Can old dogs learn ingenious new tricks?
If clinical trials for cell and gene therapies become marred with safety issues, adoption will be slow and could be overshadowed by lower-cost, safer options. In 2017, Juno Therapeutics, together with Kite Pharma and Novartis, were considered the frontrunners of CAR T-cell therapies. However, that all changed when five patients died during a pivotal study of Juno’s leading CAR T-cell candidate, dooming the trial and delaying Juno by at least two years. Imagine if such issues persist in cell and gene therapy trials — regulations for these products, which are already developing slowly, would become even stricter. Even if approved, given their much higher price tags and previous history of safety issues, payers will be even more hesitant to reimburse them, adapting a wait-and-see stance to determine if cell and gene therapies actually provide enough of a health econometric benefit. Moreover, without clear evidence of benefits and given the high-profile nature of these therapies in the media, they could also struggle to win over doctors and their patients. In this scenario, companies will only succeed if they have good safety data and effective clinical engagement and are able to establish robust outcomes-based contracts.
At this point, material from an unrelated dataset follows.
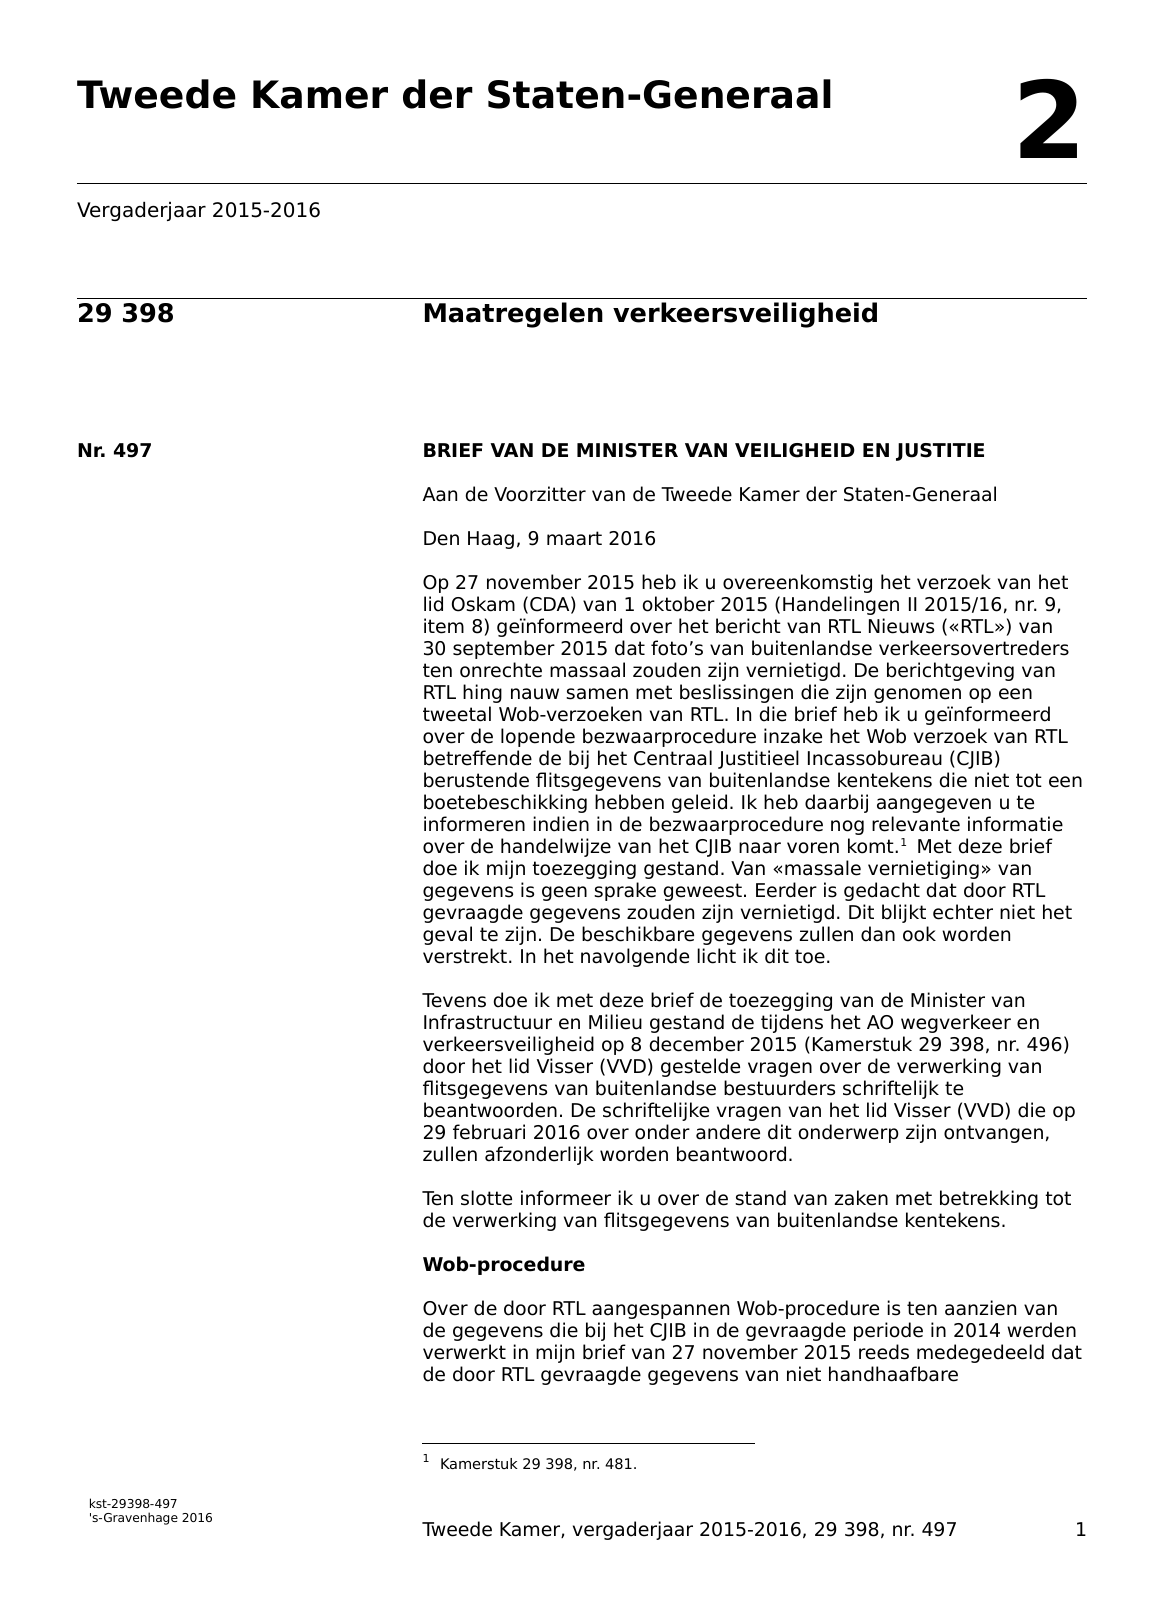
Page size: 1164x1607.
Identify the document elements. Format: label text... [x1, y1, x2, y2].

Finally, imagine a scenario where the development of cell and gene therapies for complex diseases is never successful. This could stem from an inability to develop therapies that target diseases with multiple genetic components or from the genetic basis remaining undeciphered. Regardless, cell and gene therapy would be restricted to rare diseases. From the drug manufacturer’s point of view, as therapies — potentially curative therapies — are devised for rare disease with the greatest patient populations, the field will grow increasingly unattractive for further development. The FDA will need to provide additional incentives (e.g., by allowing longer periods of exclusivity for orphan drugs). At the same time, drug manufacturers will work with regulators to further decrease barriers to approval. Given the lack of patients for many rare diseases, trials for will need to utilize digital solutions, especially for recruitment, and become shorter, with combined phases that show both safety and efficacy. Later-stage trials will be replaced with rollover studies to demonstrate the longer-term effects of treatment.
While it remains to be seen which, if any, of these scenarios comes to fruition, we are confident that cell and gene therapies are the future. It is likely that the path to success for cell and gene therapy will consist of a combination of our imagined scenarios. It is also possible that none of these scenarios will come true at all. Regardless, it is important that life science companies consider the future and begin planning now to foresee challenges and redefine the world of tomorrow. Is your organization ready?